Re: "Outline" algorithm from James Graham on 2009-05-26 (public-html@w3.org from May 2009)

From: James Graham <jgraham@opera.com>
Date: Tue, 26 May 2009 11:08:58 +0200
To: Larry Masinter <masinter@adobe.com>
CC: HTML WG <public-html@w3.org>
Message-ID: <4A1BB1AA.50404@opera.com>
Larry Masinter wrote:
> I picked another page of the HTML spec at random to investigate the question
> 
> Next pick was across Secton 4.1.11.1 "Creating an outline"
> 
> which contains a lengthy description of an algorithm for computing
> an "outline".  Now, is there any precedent, common practice, or
> "cowpath" for outlines? Is there any reason why authors would care
> exactly about the computation of the "outline"?

The outline is just a description of how the document is structured. I 
would find it much more surprising if the kind of conscientious author 
who cares about specs in general wouldn't care about the logical 
structure of their document.

For specific examples of tools that create outlines consider the anolis 
spec generator [1], mediawiki [2] (both add tables of contents based on 
outline structure), the Firefox Headings Map plugin [3] (creates a 
document outline in a sidebar for navigation of long pages) or many 
screen readers (to provide navigation; [4] suggests this is very popular 
with users).

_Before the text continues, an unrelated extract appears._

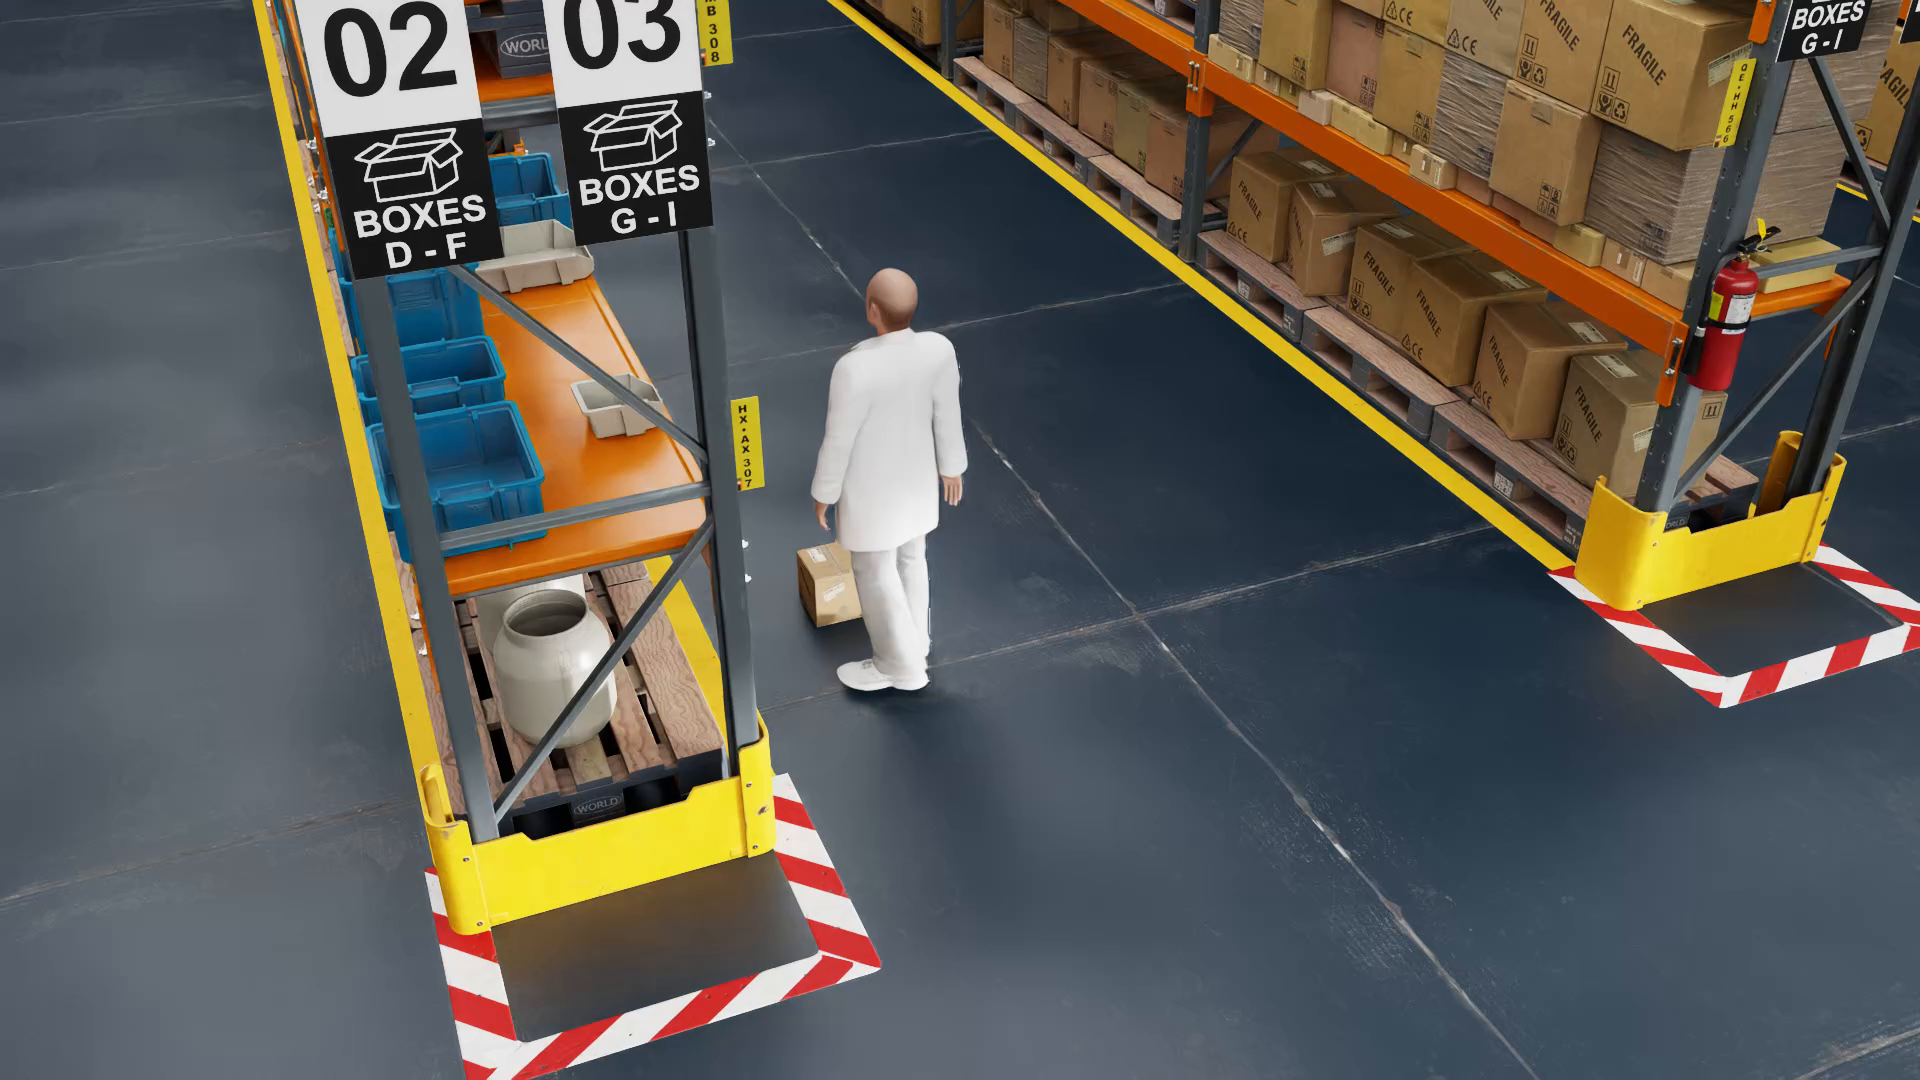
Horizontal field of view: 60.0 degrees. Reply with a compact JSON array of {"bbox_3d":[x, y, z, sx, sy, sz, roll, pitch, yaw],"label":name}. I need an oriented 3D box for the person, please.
[{"bbox_3d":[-0.278,-0.225,6.467,0.646,1.774,0.464,-23,39,-31],"label":"person"}]
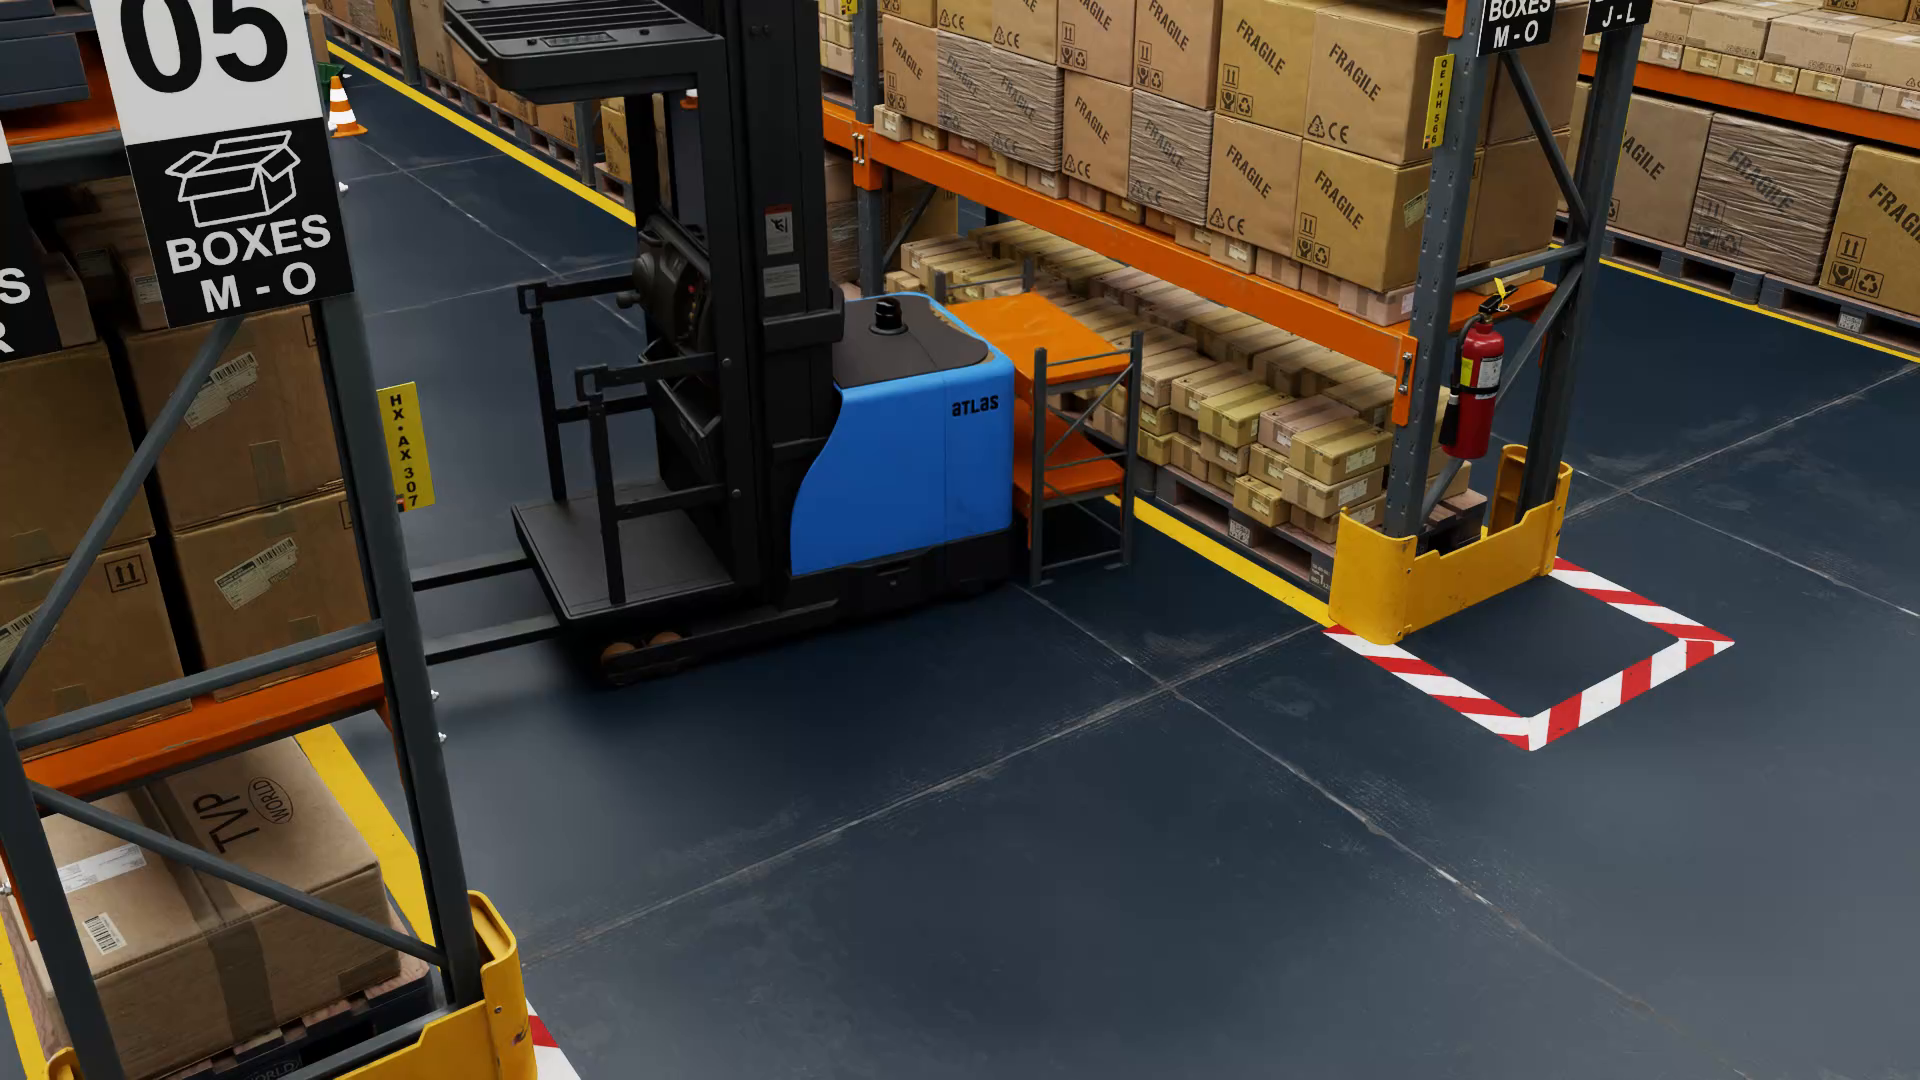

It would be very surprising if these tools all gave 
different results on the same input and possibly harmful e.g. in the 
case where a sighted user makes incorrect inferences about how their 
document will be perceived by a screen reader user.

> As far as I can tell, there are 41 occurrences of the word "outline"
> in the spec, and the only reference to this algorithm is in section 4.8.1
> on determining a caption for an image, which says:
> 
> # 3. Run the algorithm to create the outline (page 192) for the document.
> # 4. If the img element did not end up associated with a heading in the outline, or if
> #  there are any other images that are lacking an alt attribute and that are
> #  associated with the same heading in the outline as the img element in question,
> #  then there is no caption information; abort these steps.
> 
> which I can't tell if there is any reason why HTML should contain
> such a thing, that it would correspond to common practice, or any
> requirement listed in the "design principles".

It is not clear to me why you are assuming that HTML should only specify 
things that are useful to other parts of the spec rather than also 
specifying things that are useful to consumers of HTML.

However if you want a concrete spec-wise reason for having this 
definition consider the possibility of adding a heading-level 
pseudo-class to CSS (so e.g. :heading-level(1) would select all 
top-level headings). With a well defined outlining algorithm in HTML 
this is a relatively simple addition. Otherwise it is essentially 
impossible. For a demonstration of the value of this consider a "river 
of news" style feed aggregator that pulls content from different sources 
all using a different heading-numbering convention. At present any such 
aggregator has to rewrite all the heading numbers from the aggregated 
content to fit in with the style of the aggregator, which places a 
dependence of the internal filtering logic on the output template. With 
such an addition to CSS it would be trivial to style the content 
correctly on the client side.

> So the whole section doesn't seem to make a lot of sense. A lot
> of normative requirements for a complex implementation for computing
> an outline with no applications?

It seems rather impolite to proclaim that there are no applications of 
something just because you cannot think of any.

[1] http://anolis.gsnedders.com/
[2] http://www.mediawiki.org/wiki/MediaWiki
[3] https://addons.mozilla.org/en-US/firefox/addon/7203
[4] http://www.webaim.org/projects/screenreadersurvey/#headings
Received on Tuesday, 26 May 2009 09:09:52 UTC